Described are systems and methods for training a machine-learning model to generate image of biological samples, and systems and methods for generating enhanced images of biological samples. The method for training a machine-learning model to generate images of biological samples may include obtaining a plurality of training images comprising a training image of a first type, and a training image of a second type. The method may also include generating, based on the training image of the first type, a plurality of wavelet coefficients using the machine-learning model; generating, based on the plurality of wavelet coefficients, a synthetic image of the second type; comparing the synthetic image of the second type with the training image of the second type; and updating the machine-learning model based on the comparison.

Core Innovation

The document describes machine-learning model-based generation of enhanced biological microscopy images at scale, including transforming images of biological samples from one modality into synthetic images of other modalities. The transformation is trained to translate bright-field images into synthetic fluorescence, phase, and segmentation modalities, producing enhanced images suitable for downstream evaluation.

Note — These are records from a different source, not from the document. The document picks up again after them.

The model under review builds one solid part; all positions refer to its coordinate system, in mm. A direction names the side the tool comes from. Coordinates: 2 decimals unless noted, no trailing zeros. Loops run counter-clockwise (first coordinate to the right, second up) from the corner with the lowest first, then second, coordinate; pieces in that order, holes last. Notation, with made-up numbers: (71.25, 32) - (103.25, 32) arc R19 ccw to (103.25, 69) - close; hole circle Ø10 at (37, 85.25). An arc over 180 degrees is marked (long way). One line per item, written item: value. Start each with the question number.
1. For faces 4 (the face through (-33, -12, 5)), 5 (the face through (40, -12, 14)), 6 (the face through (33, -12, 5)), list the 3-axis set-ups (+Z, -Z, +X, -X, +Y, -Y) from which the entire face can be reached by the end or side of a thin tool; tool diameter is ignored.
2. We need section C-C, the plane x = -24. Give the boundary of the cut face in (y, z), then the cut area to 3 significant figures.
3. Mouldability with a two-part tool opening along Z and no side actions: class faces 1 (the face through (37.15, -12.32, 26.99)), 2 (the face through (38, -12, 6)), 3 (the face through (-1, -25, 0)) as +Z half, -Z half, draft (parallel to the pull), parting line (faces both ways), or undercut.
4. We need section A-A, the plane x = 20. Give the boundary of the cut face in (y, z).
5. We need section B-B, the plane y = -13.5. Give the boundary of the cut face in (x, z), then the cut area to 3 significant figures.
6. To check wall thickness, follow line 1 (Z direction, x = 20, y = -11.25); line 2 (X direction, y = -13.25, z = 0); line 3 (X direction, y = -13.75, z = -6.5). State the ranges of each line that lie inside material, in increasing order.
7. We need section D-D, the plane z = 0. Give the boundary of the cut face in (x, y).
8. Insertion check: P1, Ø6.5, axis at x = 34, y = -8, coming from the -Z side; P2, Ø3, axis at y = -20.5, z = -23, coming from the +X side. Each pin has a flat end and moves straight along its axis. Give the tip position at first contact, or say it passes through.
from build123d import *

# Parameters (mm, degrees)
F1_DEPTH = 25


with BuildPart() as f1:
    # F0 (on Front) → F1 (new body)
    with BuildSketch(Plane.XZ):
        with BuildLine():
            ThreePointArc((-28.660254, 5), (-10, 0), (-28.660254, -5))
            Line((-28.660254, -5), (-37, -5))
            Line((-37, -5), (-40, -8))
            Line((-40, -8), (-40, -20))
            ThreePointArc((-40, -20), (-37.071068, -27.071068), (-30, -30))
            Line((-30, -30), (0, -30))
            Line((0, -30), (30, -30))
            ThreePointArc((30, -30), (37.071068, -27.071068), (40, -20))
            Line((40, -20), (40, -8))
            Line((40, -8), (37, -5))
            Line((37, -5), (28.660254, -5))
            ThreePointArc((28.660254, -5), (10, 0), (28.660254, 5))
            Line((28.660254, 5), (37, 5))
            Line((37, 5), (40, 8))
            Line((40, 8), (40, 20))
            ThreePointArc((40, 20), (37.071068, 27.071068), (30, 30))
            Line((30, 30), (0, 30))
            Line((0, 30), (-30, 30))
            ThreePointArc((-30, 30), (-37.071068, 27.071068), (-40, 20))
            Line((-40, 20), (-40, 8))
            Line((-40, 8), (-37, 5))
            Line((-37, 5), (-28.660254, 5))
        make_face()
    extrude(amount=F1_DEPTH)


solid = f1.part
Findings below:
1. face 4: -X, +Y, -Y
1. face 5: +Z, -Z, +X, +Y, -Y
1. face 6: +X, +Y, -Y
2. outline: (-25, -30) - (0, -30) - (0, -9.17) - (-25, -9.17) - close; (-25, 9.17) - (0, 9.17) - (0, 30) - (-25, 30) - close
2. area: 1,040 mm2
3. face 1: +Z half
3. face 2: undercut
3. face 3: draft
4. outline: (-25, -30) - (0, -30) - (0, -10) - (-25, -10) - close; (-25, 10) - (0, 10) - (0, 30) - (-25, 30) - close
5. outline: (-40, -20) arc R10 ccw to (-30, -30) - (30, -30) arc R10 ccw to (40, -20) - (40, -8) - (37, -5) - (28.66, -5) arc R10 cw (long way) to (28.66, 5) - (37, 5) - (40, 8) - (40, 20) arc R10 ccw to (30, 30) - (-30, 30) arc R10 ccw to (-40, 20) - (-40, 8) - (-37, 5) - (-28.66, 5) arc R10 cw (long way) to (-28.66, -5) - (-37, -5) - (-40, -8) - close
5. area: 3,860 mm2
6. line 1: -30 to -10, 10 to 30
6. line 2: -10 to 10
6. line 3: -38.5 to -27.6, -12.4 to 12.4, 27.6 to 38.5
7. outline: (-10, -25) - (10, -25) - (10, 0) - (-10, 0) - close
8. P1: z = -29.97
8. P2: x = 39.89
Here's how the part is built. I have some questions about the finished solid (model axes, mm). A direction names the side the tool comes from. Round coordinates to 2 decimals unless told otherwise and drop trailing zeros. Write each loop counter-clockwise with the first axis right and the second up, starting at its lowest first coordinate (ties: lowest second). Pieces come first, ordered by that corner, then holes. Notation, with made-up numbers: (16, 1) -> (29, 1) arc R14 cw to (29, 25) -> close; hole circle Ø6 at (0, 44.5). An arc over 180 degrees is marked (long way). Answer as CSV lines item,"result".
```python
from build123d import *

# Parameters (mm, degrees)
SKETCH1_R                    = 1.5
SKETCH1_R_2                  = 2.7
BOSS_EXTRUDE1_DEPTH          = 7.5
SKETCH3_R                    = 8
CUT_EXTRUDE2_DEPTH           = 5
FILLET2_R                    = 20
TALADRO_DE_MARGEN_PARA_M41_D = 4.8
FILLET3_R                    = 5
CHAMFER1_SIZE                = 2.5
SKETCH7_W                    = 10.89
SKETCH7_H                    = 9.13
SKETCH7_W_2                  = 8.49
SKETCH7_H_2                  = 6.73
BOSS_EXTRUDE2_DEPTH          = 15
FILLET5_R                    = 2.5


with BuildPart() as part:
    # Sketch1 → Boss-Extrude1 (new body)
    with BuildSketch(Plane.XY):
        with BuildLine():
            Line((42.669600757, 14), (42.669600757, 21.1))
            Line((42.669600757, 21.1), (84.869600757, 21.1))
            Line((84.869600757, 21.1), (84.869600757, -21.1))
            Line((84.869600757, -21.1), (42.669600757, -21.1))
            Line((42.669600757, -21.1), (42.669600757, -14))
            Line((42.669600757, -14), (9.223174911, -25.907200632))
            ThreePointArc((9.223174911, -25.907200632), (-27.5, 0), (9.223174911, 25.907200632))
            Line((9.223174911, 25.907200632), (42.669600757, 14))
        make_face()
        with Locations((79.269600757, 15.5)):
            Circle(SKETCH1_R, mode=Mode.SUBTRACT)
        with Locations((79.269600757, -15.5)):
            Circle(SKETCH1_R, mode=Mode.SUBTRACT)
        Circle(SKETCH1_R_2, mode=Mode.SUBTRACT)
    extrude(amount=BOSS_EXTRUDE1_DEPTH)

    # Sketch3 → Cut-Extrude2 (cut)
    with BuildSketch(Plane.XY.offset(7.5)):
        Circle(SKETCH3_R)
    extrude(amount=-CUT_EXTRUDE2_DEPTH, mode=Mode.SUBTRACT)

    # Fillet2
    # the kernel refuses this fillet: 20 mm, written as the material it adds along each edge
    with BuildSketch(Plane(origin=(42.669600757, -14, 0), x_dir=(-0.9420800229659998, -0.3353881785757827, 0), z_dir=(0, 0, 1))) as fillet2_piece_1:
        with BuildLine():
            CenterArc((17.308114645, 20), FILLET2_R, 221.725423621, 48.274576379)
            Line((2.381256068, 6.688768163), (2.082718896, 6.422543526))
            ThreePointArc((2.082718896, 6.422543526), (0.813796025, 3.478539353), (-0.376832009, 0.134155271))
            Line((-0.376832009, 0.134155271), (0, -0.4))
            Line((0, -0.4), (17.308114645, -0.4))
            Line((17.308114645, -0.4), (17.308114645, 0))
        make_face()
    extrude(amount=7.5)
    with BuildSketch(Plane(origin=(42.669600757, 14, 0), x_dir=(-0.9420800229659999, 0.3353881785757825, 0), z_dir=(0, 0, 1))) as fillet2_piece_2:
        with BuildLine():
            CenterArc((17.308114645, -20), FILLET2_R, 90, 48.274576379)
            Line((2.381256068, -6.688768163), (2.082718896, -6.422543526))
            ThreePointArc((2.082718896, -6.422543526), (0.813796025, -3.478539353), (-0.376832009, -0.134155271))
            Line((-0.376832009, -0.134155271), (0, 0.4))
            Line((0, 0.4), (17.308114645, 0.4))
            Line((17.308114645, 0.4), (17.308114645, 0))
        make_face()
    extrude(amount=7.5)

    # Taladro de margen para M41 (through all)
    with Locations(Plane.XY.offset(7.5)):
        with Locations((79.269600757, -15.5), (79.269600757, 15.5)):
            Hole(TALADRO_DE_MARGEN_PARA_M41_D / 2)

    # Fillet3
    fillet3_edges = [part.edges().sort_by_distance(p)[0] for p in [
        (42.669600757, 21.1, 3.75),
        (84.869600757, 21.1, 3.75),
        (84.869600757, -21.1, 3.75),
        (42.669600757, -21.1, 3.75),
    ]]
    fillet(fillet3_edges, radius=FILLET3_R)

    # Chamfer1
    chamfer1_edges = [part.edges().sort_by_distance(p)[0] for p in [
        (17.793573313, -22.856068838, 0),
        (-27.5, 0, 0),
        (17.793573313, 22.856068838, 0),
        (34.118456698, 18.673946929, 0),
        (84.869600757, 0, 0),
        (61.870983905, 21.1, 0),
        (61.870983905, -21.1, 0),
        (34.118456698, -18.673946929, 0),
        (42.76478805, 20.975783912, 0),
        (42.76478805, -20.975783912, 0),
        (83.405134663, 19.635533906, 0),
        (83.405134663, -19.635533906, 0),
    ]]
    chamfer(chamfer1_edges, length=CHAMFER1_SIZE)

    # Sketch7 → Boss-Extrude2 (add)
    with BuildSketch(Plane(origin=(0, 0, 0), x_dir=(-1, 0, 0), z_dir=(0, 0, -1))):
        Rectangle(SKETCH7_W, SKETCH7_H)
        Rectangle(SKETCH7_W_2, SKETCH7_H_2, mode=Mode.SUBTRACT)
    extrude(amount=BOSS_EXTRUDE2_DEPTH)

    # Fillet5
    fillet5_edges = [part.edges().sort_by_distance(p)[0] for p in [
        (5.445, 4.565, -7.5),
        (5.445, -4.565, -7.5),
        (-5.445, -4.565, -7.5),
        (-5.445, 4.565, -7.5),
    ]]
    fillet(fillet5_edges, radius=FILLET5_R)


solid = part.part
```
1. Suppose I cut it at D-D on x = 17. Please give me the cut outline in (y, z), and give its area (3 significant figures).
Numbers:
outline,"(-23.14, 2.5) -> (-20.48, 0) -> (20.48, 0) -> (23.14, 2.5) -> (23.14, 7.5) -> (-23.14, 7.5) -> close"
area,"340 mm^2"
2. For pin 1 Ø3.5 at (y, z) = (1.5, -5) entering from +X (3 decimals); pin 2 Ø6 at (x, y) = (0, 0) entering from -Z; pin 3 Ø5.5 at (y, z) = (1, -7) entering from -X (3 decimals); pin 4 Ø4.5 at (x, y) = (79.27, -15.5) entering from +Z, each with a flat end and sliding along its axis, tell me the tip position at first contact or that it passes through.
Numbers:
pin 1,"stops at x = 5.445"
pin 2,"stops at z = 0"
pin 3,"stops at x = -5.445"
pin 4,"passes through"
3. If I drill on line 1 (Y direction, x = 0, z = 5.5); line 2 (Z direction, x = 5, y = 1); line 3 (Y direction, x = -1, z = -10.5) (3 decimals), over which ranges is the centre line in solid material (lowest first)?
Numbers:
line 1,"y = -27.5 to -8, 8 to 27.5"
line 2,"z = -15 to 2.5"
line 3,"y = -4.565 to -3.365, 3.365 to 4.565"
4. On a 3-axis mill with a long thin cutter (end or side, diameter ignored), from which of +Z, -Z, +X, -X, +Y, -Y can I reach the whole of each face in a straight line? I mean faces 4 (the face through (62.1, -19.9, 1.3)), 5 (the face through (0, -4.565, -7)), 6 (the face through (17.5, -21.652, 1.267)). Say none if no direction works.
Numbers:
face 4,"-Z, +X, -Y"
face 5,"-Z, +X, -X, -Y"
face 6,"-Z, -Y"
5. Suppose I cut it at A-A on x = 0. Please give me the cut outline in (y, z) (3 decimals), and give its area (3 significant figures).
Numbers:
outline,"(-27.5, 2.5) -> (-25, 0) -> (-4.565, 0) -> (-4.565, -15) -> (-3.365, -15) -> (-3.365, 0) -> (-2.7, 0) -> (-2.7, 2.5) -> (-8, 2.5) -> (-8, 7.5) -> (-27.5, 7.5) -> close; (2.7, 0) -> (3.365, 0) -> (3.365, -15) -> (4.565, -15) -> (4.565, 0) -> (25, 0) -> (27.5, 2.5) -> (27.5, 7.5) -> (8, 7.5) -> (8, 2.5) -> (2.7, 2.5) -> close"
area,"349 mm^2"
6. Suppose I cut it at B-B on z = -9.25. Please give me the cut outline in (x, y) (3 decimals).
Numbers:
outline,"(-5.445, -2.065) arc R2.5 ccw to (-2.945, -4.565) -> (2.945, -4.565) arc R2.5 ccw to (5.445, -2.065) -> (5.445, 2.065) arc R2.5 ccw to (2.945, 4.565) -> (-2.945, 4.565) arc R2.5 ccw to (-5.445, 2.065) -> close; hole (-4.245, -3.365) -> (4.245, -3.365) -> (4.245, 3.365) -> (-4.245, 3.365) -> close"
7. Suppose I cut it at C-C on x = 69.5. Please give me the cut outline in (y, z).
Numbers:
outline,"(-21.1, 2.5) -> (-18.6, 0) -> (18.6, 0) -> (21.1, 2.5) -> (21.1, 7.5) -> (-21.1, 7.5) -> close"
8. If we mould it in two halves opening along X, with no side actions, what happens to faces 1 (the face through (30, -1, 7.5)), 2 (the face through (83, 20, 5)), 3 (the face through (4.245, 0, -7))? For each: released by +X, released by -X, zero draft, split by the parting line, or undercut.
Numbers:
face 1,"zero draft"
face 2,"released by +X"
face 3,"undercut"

The document further describes wavelet-coefficient generation and a Generative Adversarial Network architecture, including a conditional GAN with a generator, discriminator, and PatchGAN. Wavelet-domain representation and losses are used during training, and physics-based image formation modeling may be incorporated to model phase.

In addition, the document discloses hardware-software co-optimization in which illumination patterns are determined using an attention layer and optimized via a spatial light modulator, with a back-propagation module used for the optical and illumination optimization loop. Robustness evaluation is discussed by training classifiers on generated versus real images and discussing batch effects, and treatment evaluation is discussed using enhanced images derived from healthy, untreated, and treated sample sets, compared using biomarker signal identification and distribution- and score-based analysis, with example disease contexts such as NASH and TSC.

Claims Coverage

The independent claims cover a treatment-evaluation workflow that uses a trained machine-learning model to transform images from untreated and treated biological samples affected by a disease of interest, and then compares the transformed images to evaluate the treatment. Across the independent claim set, the main inventive features are the paired image inputs, the transformation via a trained machine-learning model, and the comparative evaluation step.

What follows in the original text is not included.